= WORK INSTRUCTION =
The word "track" appears in some lines of the entries. Say how many, and give nothing but the number.

= DATASET =
★ ★ ★ ★

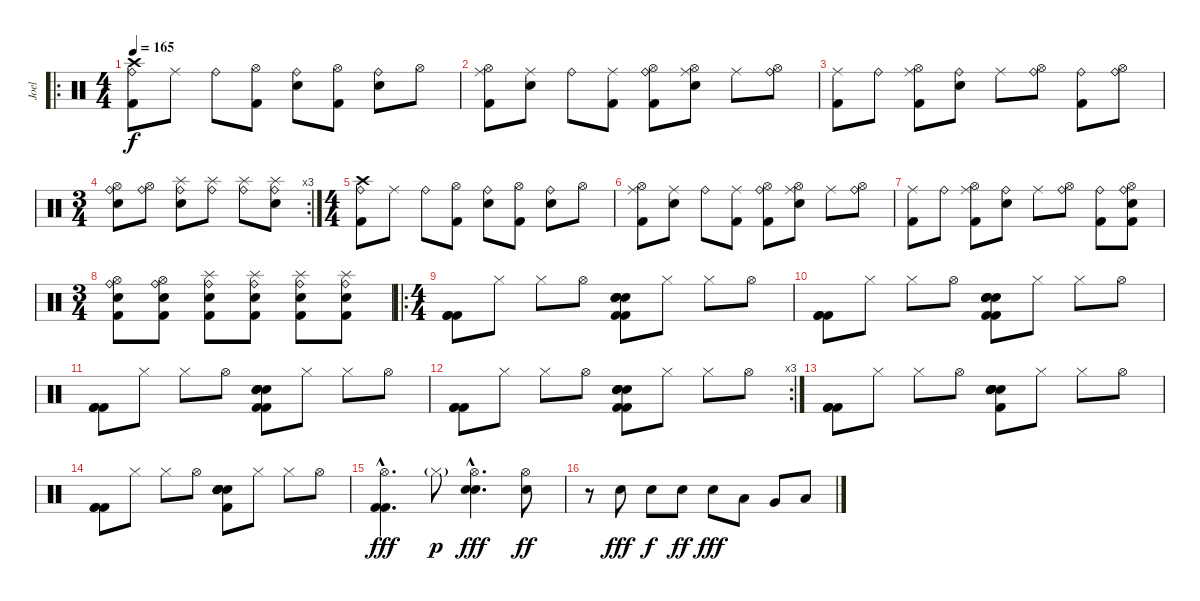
\track ("Joel" "Joel") {instrument percussion}
\staff {score}
\articulation defaults
\ro
\ts (4 4)
\tempo 165
\clef neutral
\ks c
("Crash high (hit)" "Ride (bell)" "Kick (hit) 2").8{dy f} "Ride (middle)".8 "Ride (bell)".8 ("Hi-Hat (open)" "Kick (hit) 2").8 ("Ride (bell)" "Electric Snare (hit)").8 ("Hi-Hat (open)" "Kick (hit) 2").8 ("Ride (bell)" "Electric Snare (hit)").8 "Hi-Hat (open)".8 |
("Ride (middle)" "Hi-Hat (open)" "Kick (hit) 2").8 ("Ride (middle)" "Electric Snare (hit)").8 "Ride (bell)".8 ("Ride (middle)" "Kick (hit) 2").8 ("Ride (bell)" "Hi-Hat (open)" "Kick (hit) 2").8 ("Ride (middle)" "Hi-Hat (open)" "Electric Snare (hit)").8 "Ride (middle)".8 ("Ride (bell)" "Hi-Hat (open)").8 |
("Ride (middle)" "Kick (hit) 2").8 "Ride (bell)".8 ("Ride (middle)" "Hi-Hat (open)" "Kick (hit) 2").8 ("Ride (bell)" "Electric Snare (hit)").8 "Ride (middle)".8 ("Ride (bell)" "Hi-Hat (open)").8 ("Ride (bell)" "Kick (hit) 2").8 ("Ride (bell)" "Hi-Hat (open)").8 |
\rc 3
\ts (3 4)
("Ride (bell)" "Hi-Hat (open)" "Electric Snare (hit)").8 ("Ride (bell)" "Hi-Hat (open)").8 ("Ride (bell)" "Splash (hit)" "Electric Snare (hit)").8 ("Ride (bell)" "Splash (hit)").8 ("Ride (bell)" "Splash (hit)").8 ("Ride (bell)" "Splash (hit)" "Electric Snare (hit)").8 |
\ts (4 4)
("Crash high (hit)" "Ride (bell)" "Kick (hit) 2").8 "Ride (middle)".8 "Ride (bell)".8 ("Hi-Hat (open)" "Kick (hit) 2").8 ("Ride (bell)" "Electric Snare (hit)").8 ("Hi-Hat (open)" "Kick (hit) 2").8 ("Ride (bell)" "Electric Snare (hit)").8 "Hi-Hat (open)".8 |
("Ride (middle)" "Hi-Hat (open)" "Kick (hit) 2").8 ("Ride (middle)" "Electric Snare (hit)").8 "Ride (bell)".8 ("Ride (middle)" "Kick (hit) 2").8 ("Ride (bell)" "Hi-Hat (open)" "Kick (hit) 2").8 ("Ride (middle)" "Hi-Hat (open)" "Electric Snare (hit)").8 "Ride (middle)".8 ("Ride (bell)" "Hi-Hat (open)").8 |
("Ride (middle)" "Kick (hit) 2").8 "Ride (bell)".8 ("Ride (middle)" "Hi-Hat (open)" "Kick (hit) 2").8 ("Ride (bell)" "Electric Snare (hit)").8 "Ride (middle)".8 ("Ride (bell)" "Hi-Hat (open)").8 ("Ride (bell)" "Kick (hit) 2").8 ("Ride (bell)" "Hi-Hat (open)" "Kick (hit) 2" "Electric Snare (hit)").8 |
\ts (3 4)
("Ride (bell)" "Hi-Hat (open)" "Kick (hit) 2" "Electric Snare (hit)").8 ("Ride (bell)" "Hi-Hat (open)" "Kick (hit) 2" "Electric Snare (hit)").8 ("Ride (bell)" "Splash (hit)" "Kick (hit) 2" "Electric Snare (hit)").8 ("Ride (bell)" "Splash (hit)" "Kick (hit) 2" "Electric Snare (hit)").8 ("Ride (bell)" "Splash (hit)" "Kick (hit) 2" "Electric Snare (hit)").8 ("Ride (bell)" "Splash (hit)" "Kick (hit) 2" "Electric Snare (hit)").8 |
\ro
\ts (4 4)
("Kick (hit) 2" "Kick (hit) 2" "Kick (hit) 2").8 "Hi-Hat (closed)".8 "Hi-Hat (closed)".8 "Hi-Hat (open)".8 ("Kick (hit) 2" "Electric Snare (hit)" "Electric Snare (hit)" "Kick (hit) 2" "Electric Snare (hit)" "Electric Snare (hit)").8 "Hi-Hat (closed)".8 "Hi-Hat (closed)".8 "Hi-Hat (open)".8 |
("Kick (hit) 2" "Kick (hit) 2" "Kick (hit) 2").8 "Hi-Hat (closed)".8 "Hi-Hat (closed)".8 "Hi-Hat (open)".8 ("Kick (hit) 2" "Electric Snare (hit)" "Electric Snare (hit)" "Kick (hit) 2" "Electric Snare (hit)" "Electric Snare (hit)").8 "Hi-Hat (closed)".8 "Hi-Hat (closed)".8 "Hi-Hat (open)".8 |
("Kick (hit) 2" "Kick (hit) 2" "Kick (hit) 2").8 "Hi-Hat (closed)".8 "Hi-Hat (closed)".8 "Hi-Hat (open)".8 ("Kick (hit) 2" "Electric Snare (hit)" "Electric Snare (hit)" "Kick (hit) 2" "Electric Snare (hit)" "Electric Snare (hit)").8 "Hi-Hat (closed)".8 "Hi-Hat (closed)".8 "Hi-Hat (open)".8 |
\rc 3
("Kick (hit) 2" "Kick (hit) 2" "Kick (hit) 2").8 "Hi-Hat (closed)".8 "Hi-Hat (closed)".8 "Hi-Hat (open)".8 ("Kick (hit) 2" "Electric Snare (hit)" "Electric Snare (hit)" "Kick (hit) 2" "Electric Snare (hit)" "Electric Snare (hit)").8 "Hi-Hat (closed)".8 "Hi-Hat (closed)".8 "Hi-Hat (open)".8 |
("Kick (hit) 2" "Kick (hit) 2" "Kick (hit) 2").8 "Hi-Hat (closed)".8 "Hi-Hat (closed)".8 "Hi-Hat (open)".8 ("Electric Snare (hit)" "Electric Snare (hit)" "Electric Snare (hit)" "Electric Snare (hit)" "Kick (hit) 2" "Electric Snare (hit)").8 "Hi-Hat (closed)".8 "Hi-Hat (closed)".8 "Hi-Hat (open)".8 |
("Kick (hit) 2" "Kick (hit) 2" "Kick (hit) 2").8 "Hi-Hat (closed)".8 "Hi-Hat (closed)".8 "Hi-Hat (open)".8 ("Electric Snare (hit)" "Electric Snare (hit)" "Electric Snare (hit)" "Electric Snare (hit)" "Kick (hit) 2" "Electric Snare (hit)").8 "Hi-Hat (closed)".8 "Hi-Hat (closed)".8 "Hi-Hat (open)".8 |
("Kick (hit) 2"{hac} "Kick (hit) 2"{hac} "Hi-Hat (open)"{hac}).4{d dy fff} "Hi-Hat (closed)"{g}.8{dy p} ("Electric Snare (hit)"{hac} "Electric Snare (hit)"{hac} "Hi-Hat (open)"{hac}).4{d dy fff} ("Electric Snare (hit)" "Hi-Hat (open)").8{dy ff} |
r.8 "Electric Snare (hit)".8{dy fff} "Electric Snare (hit)".8{dy f} "Electric Snare (hit)".8{dy ff} "Electric Snare (hit)".8{dy fff} "Low Tom (hit)".8 "Very Low Tom (hit)".8 "Low Floor Tom (hit)".8
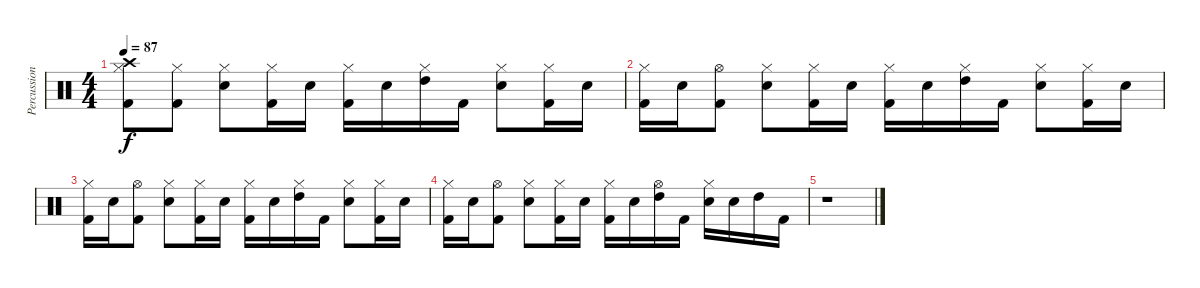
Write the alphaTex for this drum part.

\track ("Percussions" "Percussion") {instrument percussion}
\staff {score}
\articulation defaults
\ts (4 4)
\tempo 87
\clef neutral
\ks c
("Crash high (hit)" "Hi-Hat (closed)" "Kick (hit) 2").8{dy f} ("Hi-Hat (closed)" "Kick (hit) 2").8 ("Hi-Hat (closed)" "Electric Snare (hit)").8 ("Hi-Hat (closed)" "Kick (hit) 2").16 "Electric Snare (hit)".16 ("Hi-Hat (closed)" "Kick (hit) 2").16 "Electric Snare (hit)".16 ("Hi-Hat (closed)" "High Tom (hit)").16 "Kick (hit) 2".16 ("Hi-Hat (closed)" "Electric Snare (hit)").8 ("Hi-Hat (closed)" "Kick (hit) 2").16 "Electric Snare (hit)".16 |
("Hi-Hat (closed)" "Kick (hit) 2").16 "Electric Snare (hit)".16 ("Hi-Hat (open)" "Kick (hit) 2").8 ("Hi-Hat (closed)" "Electric Snare (hit)").8 ("Hi-Hat (closed)" "Kick (hit) 2").16 "Electric Snare (hit)".16 ("Hi-Hat (closed)" "Kick (hit) 2").16 "Electric Snare (hit)".16 ("Hi-Hat (closed)" "High Tom (hit)").16 "Kick (hit) 2".16 ("Hi-Hat (closed)" "Electric Snare (hit)").8 ("Hi-Hat (closed)" "Kick (hit) 2").16 "Electric Snare (hit)".16 |
("Hi-Hat (closed)" "Kick (hit) 2").16 "Electric Snare (hit)".16 ("Hi-Hat (open)" "Kick (hit) 2").8 ("Hi-Hat (closed)" "Electric Snare (hit)").8 ("Hi-Hat (closed)" "Kick (hit) 2").16 "Electric Snare (hit)".16 ("Hi-Hat (closed)" "Kick (hit) 2").16 "Electric Snare (hit)".16 ("Hi-Hat (closed)" "High Tom (hit)").16 "Kick (hit) 2".16 ("Hi-Hat (closed)" "Electric Snare (hit)").8 ("Hi-Hat (closed)" "Kick (hit) 2").16 "Electric Snare (hit)".16 |
("Hi-Hat (closed)" "Kick (hit) 2").16 "Electric Snare (hit)".16 ("Hi-Hat (open)" "Kick (hit) 2").8 ("Hi-Hat (closed)" "Electric Snare (hit)").8 ("Hi-Hat (closed)" "Kick (hit) 2").16 "Electric Snare (hit)".16 ("Hi-Hat (closed)" "Kick (hit) 2").16 "Electric Snare (hit)".16 ("Hi-Hat (open)" "High Tom (hit)").16 "Kick (hit) 2".16 ("Hi-Hat (closed)" "Electric Snare (hit)").16 "Electric Snare (hit)".16 "High Tom (hit)".16 "Kick (hit) 2".16 |
r.1
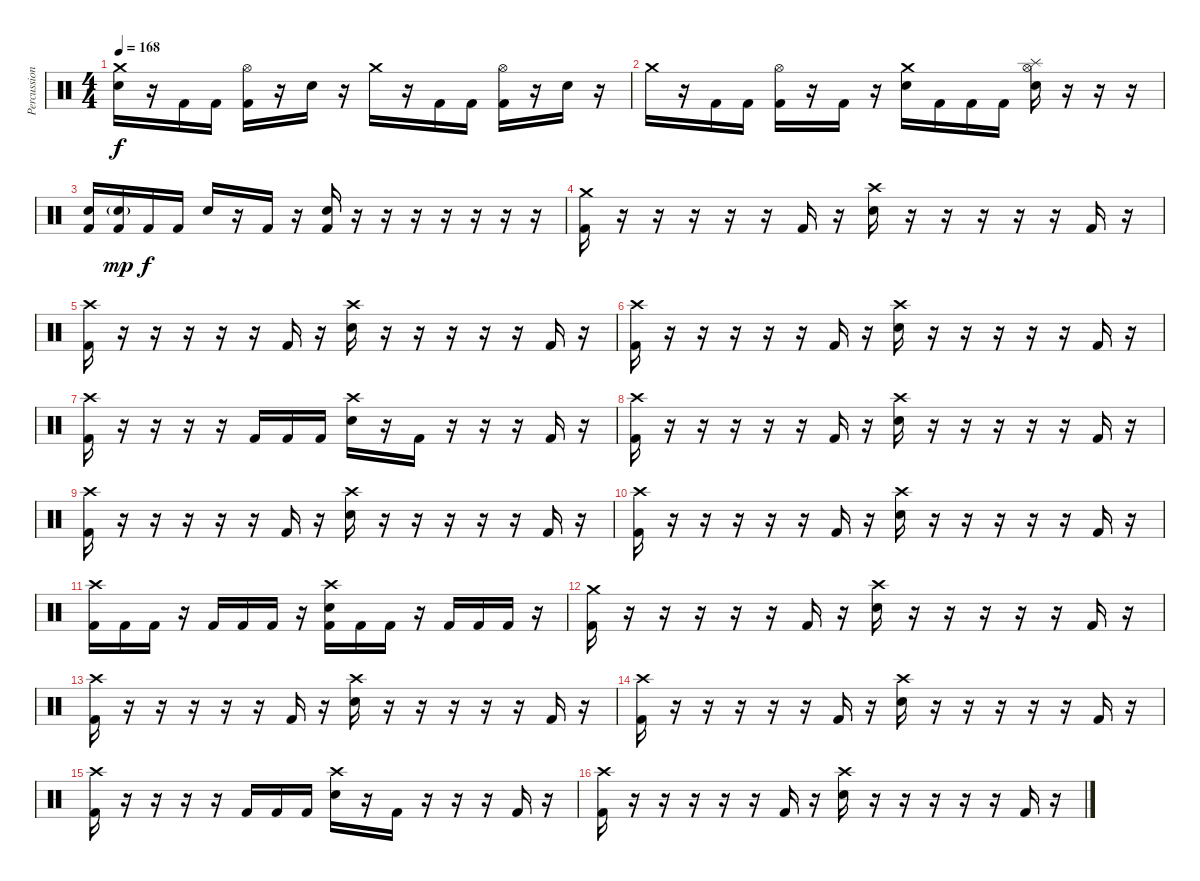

★ ★ ★ ★

= RESULT OF THIS EXERCISE =
2